Task brief >> Leave out the pictures and restate the rest of the data exactly.

── Available records ──

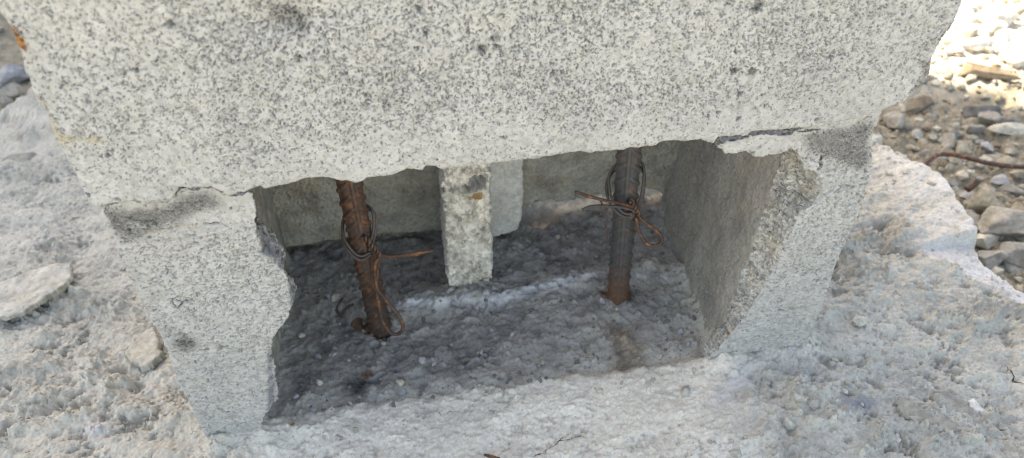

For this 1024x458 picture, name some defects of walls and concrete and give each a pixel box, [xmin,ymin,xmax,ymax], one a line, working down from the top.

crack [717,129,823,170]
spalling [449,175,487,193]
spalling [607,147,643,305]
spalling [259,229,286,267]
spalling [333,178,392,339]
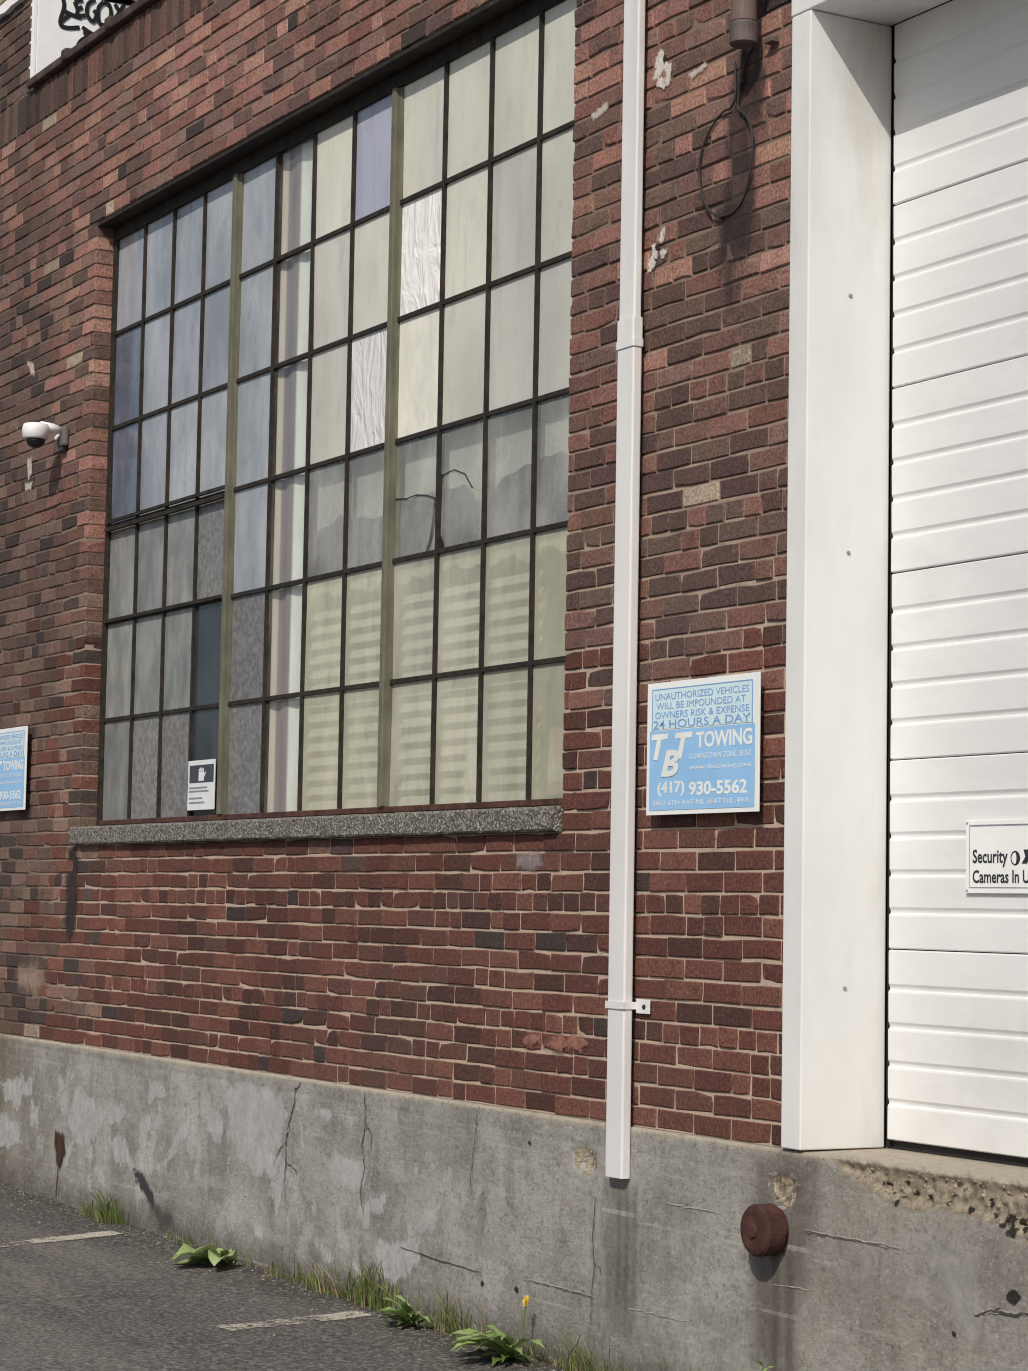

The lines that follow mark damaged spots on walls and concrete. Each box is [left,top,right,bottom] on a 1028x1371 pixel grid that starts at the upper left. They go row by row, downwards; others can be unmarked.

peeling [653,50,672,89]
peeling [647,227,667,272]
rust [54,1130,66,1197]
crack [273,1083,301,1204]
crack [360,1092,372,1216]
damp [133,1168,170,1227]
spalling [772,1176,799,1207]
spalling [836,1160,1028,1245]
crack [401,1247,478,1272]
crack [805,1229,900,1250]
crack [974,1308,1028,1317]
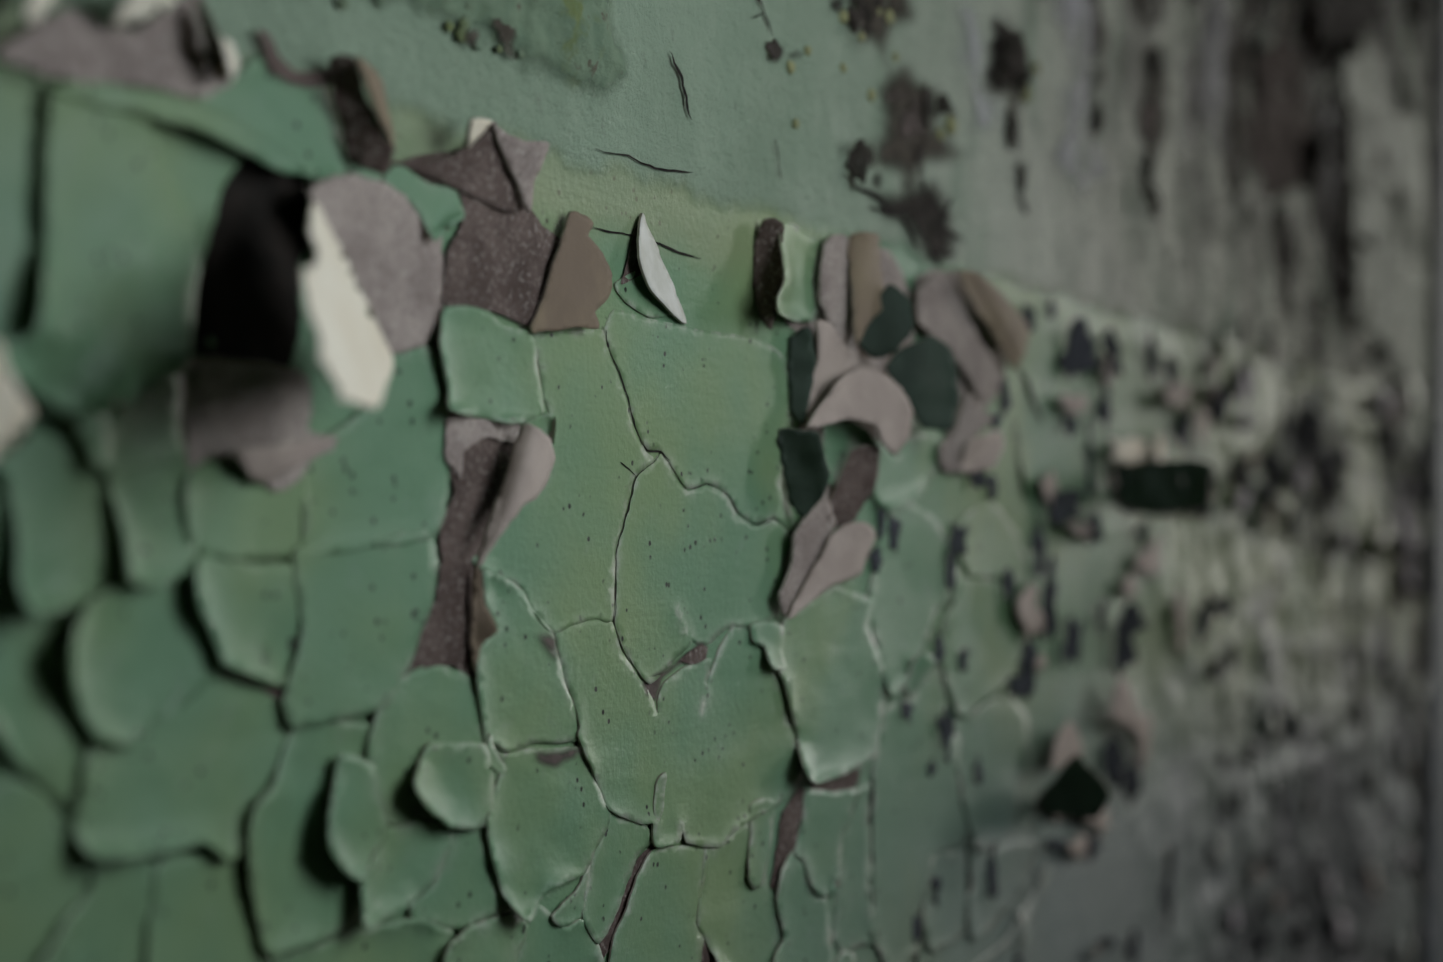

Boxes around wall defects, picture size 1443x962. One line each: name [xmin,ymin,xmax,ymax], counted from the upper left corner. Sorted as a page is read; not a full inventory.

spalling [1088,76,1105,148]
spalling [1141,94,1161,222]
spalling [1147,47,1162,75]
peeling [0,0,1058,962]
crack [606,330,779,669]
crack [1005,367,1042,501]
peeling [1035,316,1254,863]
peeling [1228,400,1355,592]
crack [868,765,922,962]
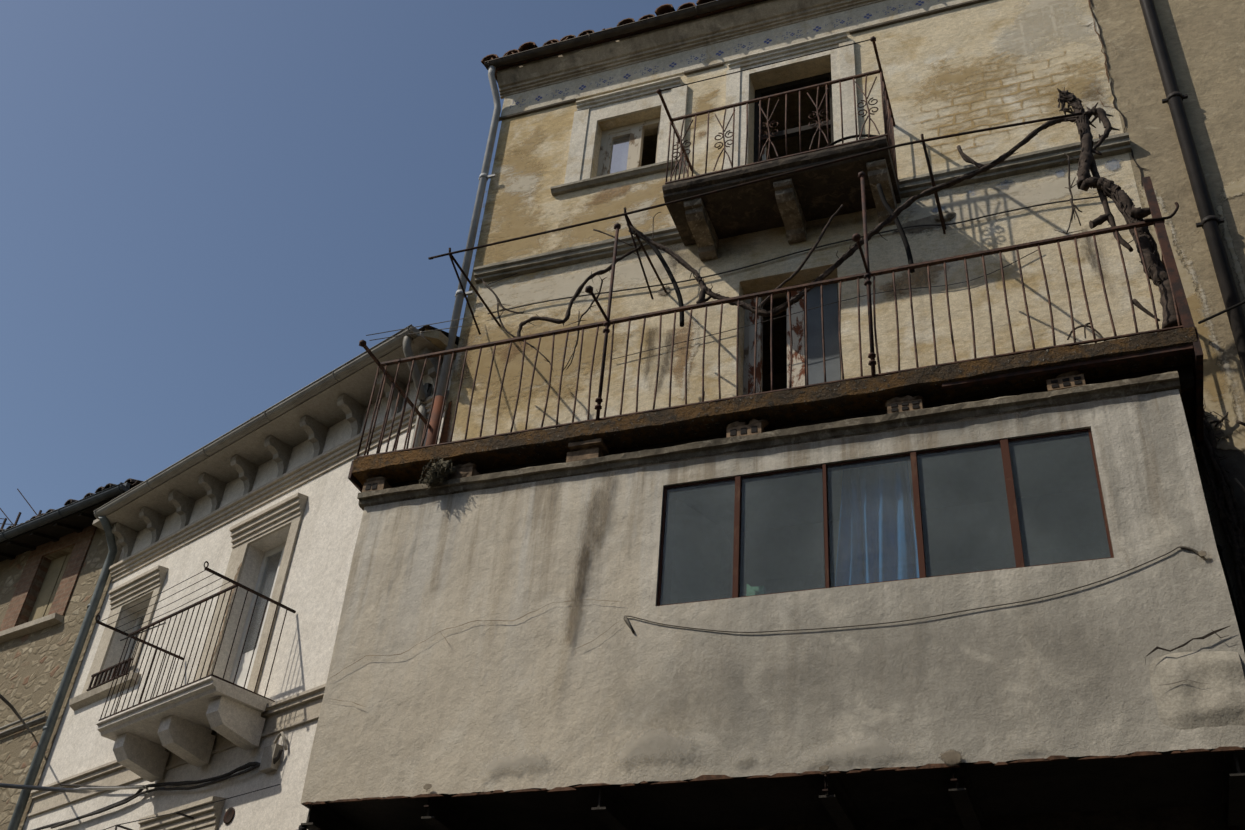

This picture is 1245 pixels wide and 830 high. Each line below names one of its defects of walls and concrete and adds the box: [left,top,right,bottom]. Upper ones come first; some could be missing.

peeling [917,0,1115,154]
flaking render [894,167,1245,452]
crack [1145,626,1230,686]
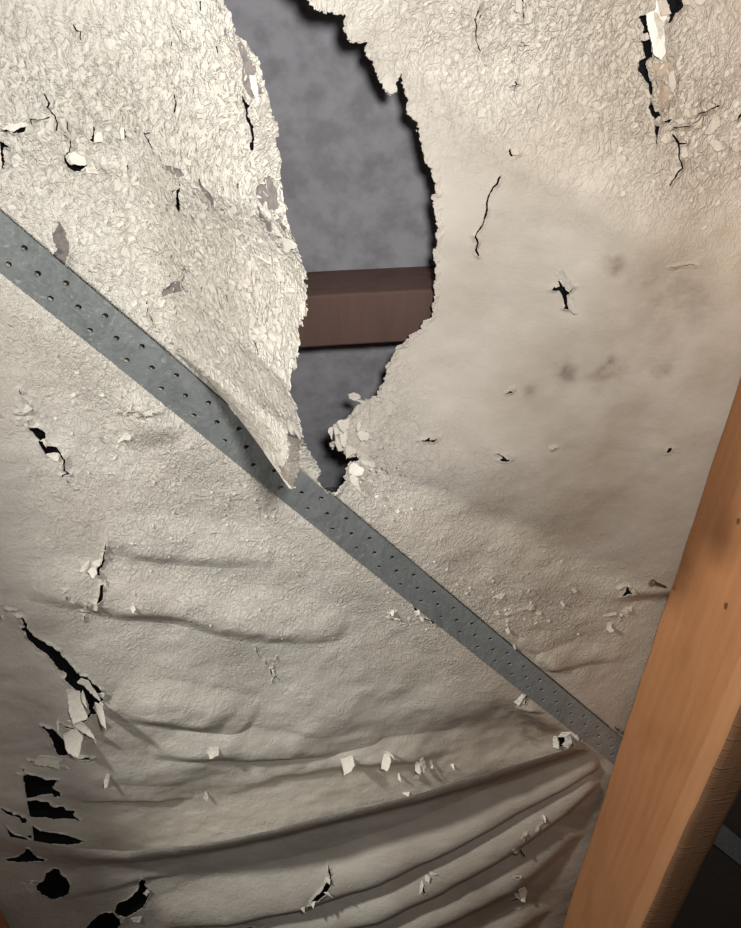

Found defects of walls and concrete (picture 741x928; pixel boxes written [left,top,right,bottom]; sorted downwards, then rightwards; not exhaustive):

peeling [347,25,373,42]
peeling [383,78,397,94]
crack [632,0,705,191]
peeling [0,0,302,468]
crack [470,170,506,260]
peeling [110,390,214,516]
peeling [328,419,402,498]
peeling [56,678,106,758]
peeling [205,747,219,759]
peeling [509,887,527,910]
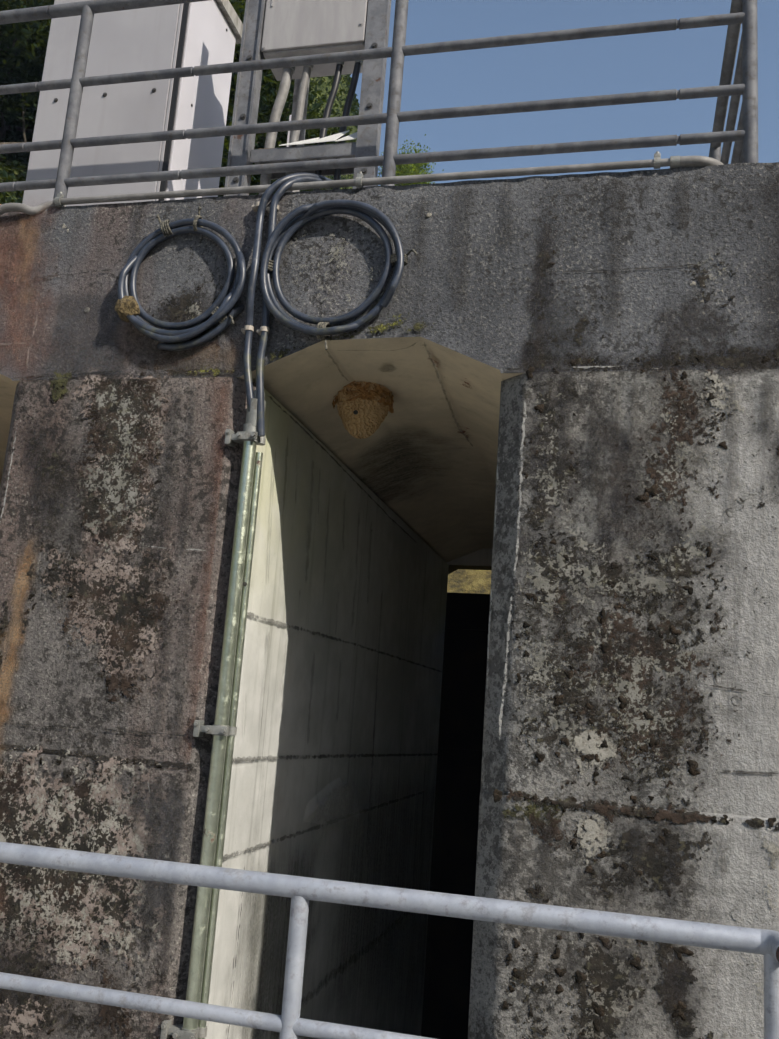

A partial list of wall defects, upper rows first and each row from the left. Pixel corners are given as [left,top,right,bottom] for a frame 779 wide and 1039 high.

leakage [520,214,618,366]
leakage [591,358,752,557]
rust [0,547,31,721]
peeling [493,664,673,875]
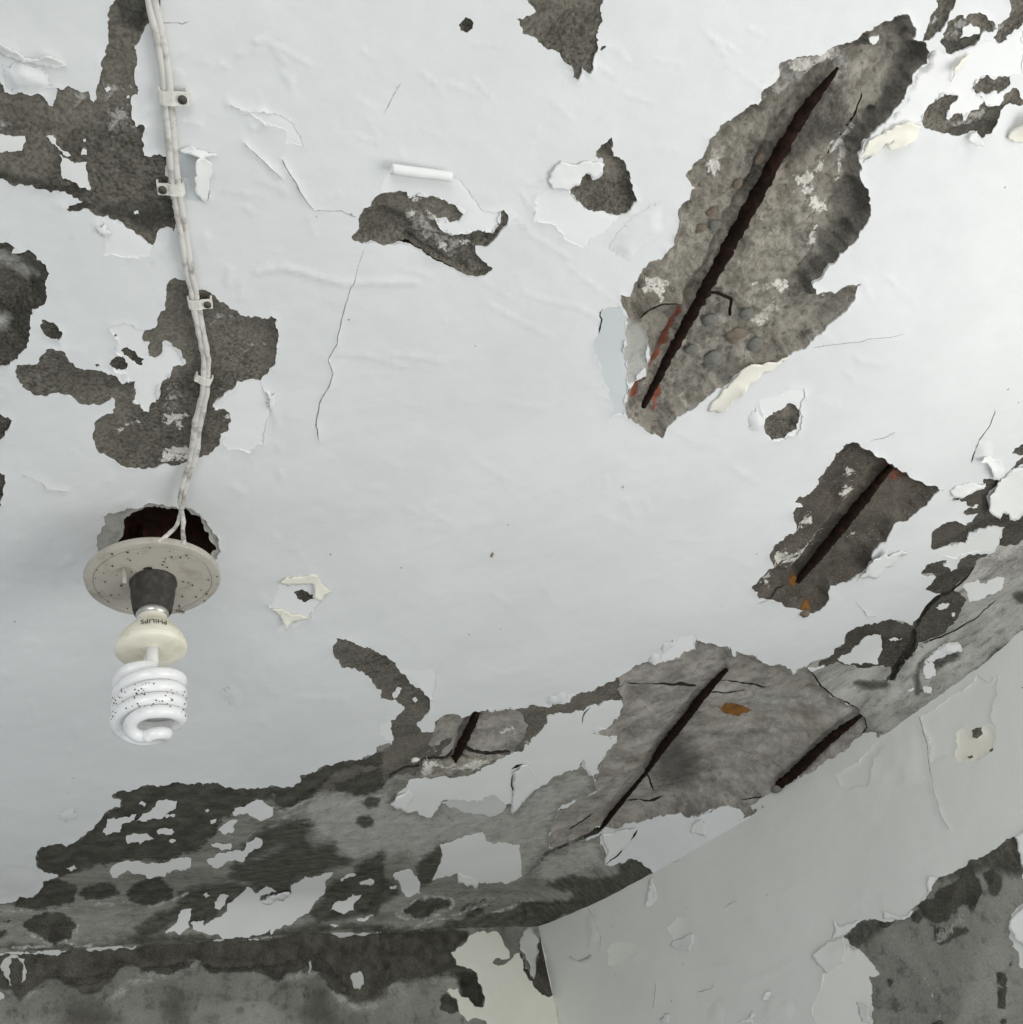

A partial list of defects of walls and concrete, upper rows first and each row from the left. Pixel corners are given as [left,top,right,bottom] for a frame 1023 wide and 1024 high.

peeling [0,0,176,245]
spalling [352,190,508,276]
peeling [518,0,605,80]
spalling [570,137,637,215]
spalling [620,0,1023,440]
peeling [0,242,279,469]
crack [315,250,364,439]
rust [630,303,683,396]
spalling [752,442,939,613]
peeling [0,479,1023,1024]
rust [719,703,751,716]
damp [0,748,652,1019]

───

Exercise output >>
For this 1024x458 picture, name some defects of walls and concrete and give each a pixel box, [xmin,ymin,xmax,ymax], one a line, working down from the top.

crack [717,129,823,170]
spalling [449,175,487,193]
spalling [607,147,643,305]
spalling [259,229,286,267]
spalling [333,178,392,339]

The lines that follow mark damaged spots on walls and concrete. Each box is [left,top,right,bottom] on a 1028x1371 pixel grid that starts at the upper left. They go row by row, downwards; others can be unmarked.

peeling [653,50,672,89]
peeling [647,227,667,272]
rust [54,1130,66,1197]
crack [273,1083,301,1204]
crack [360,1092,372,1216]
damp [133,1168,170,1227]
spalling [772,1176,799,1207]
spalling [836,1160,1028,1245]
crack [401,1247,478,1272]
crack [805,1229,900,1250]
crack [974,1308,1028,1317]

Boxes around wall defects, picture size 1443x962. One line each: name [xmin,ymin,xmax,ymax], counted from the upper left corner. Sorted as a page is read; not a full inventory.

spalling [1088,76,1105,148]
spalling [1141,94,1161,222]
spalling [1147,47,1162,75]
peeling [0,0,1058,962]
crack [606,330,779,669]
crack [1005,367,1042,501]
peeling [1035,316,1254,863]
peeling [1228,400,1355,592]
crack [868,765,922,962]

This picture is 1245 pixels wide and 830 high. Each line below names one of its defects of walls and concrete and adds the box: [left,top,right,bottom]. Upper ones come first; some could be missing.

peeling [917,0,1115,154]
flaking render [894,167,1245,452]
crack [1145,626,1230,686]

Found defects of walls and concrete (picture 741x928; pixel boxes written [left,top,right,bottom]; sorted downwards, then rightwards; not exhaustive):

peeling [347,25,373,42]
peeling [383,78,397,94]
crack [632,0,705,191]
peeling [0,0,302,468]
crack [470,170,506,260]
peeling [110,390,214,516]
peeling [328,419,402,498]
peeling [56,678,106,758]
peeling [205,747,219,759]
peeling [509,887,527,910]

A partial list of wall defects, upper rows first and each row from the left. Pixel corners are given as [left,top,right,bottom] for a frame 779 wide and 1039 high.

leakage [520,214,618,366]
leakage [591,358,752,557]
rust [0,547,31,721]
peeling [493,664,673,875]

A partial list of defects of walls and concrete, upper rows first and each row from the left. Pixel corners are given as [left,top,right,bottom] for a frame 1023 wide and 1024 high.

peeling [0,0,176,245]
spalling [352,190,508,276]
peeling [518,0,605,80]
spalling [570,137,637,215]
spalling [620,0,1023,440]
peeling [0,242,279,469]
crack [315,250,364,439]
rust [630,303,683,396]
spalling [752,442,939,613]
peeling [0,479,1023,1024]
rust [719,703,751,716]
damp [0,748,652,1019]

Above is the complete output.